Makes it a crime to obstruct any emergency responder, not just police. Lets the governor and local leaders set temporary emergency operation zones during disasters. In these zones, officers must show ID, coordinate with incident command, get warrants, and avoid disrupting response. Cities, counties, and command teams can’t target responders based on race or immigration status and must limit data use. Agencies must update policies by 2028.
Vote Yes on this bill if you want stronger protections for responders, temporary emergency operation zones with clear rules for officers, limits on discriminatory targeting based on immigration or ethnicity, and updated city and county policies to keep disaster responses safe and coordinated.
Organizations that support this bill may include firefighter unions, EMT and paramedic associations, emergency management and public safety groups, immigrant rights and civil rights organizations, and local government associations seeking clearer disaster coordination.

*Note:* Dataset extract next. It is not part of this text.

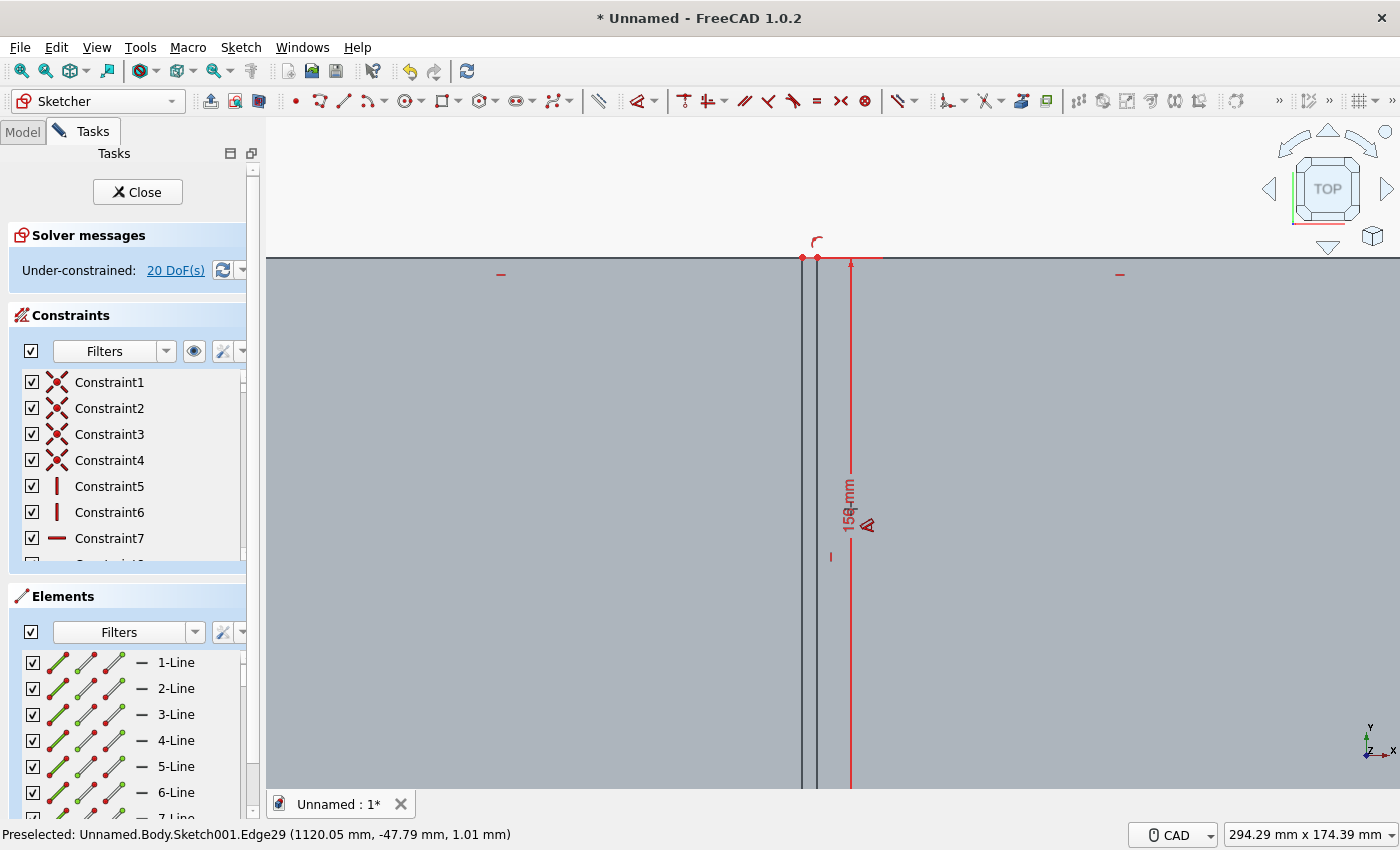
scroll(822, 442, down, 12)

Vote No on this bill if you want to avoid expanding the obstruction crime, prevent new identification, disclosure, and warrant requirements for officers in disaster zones, keep broader cooperation with federal enforcement, and limit new policy and reporting mandates on local agencies.
Organizations that oppose this bill may include some law enforcement and prosecutors’ associations, federal immigration enforcement stakeholders, and press freedom or civil liberties groups concerned about broader obstruction laws or restricted access near emergency scenes.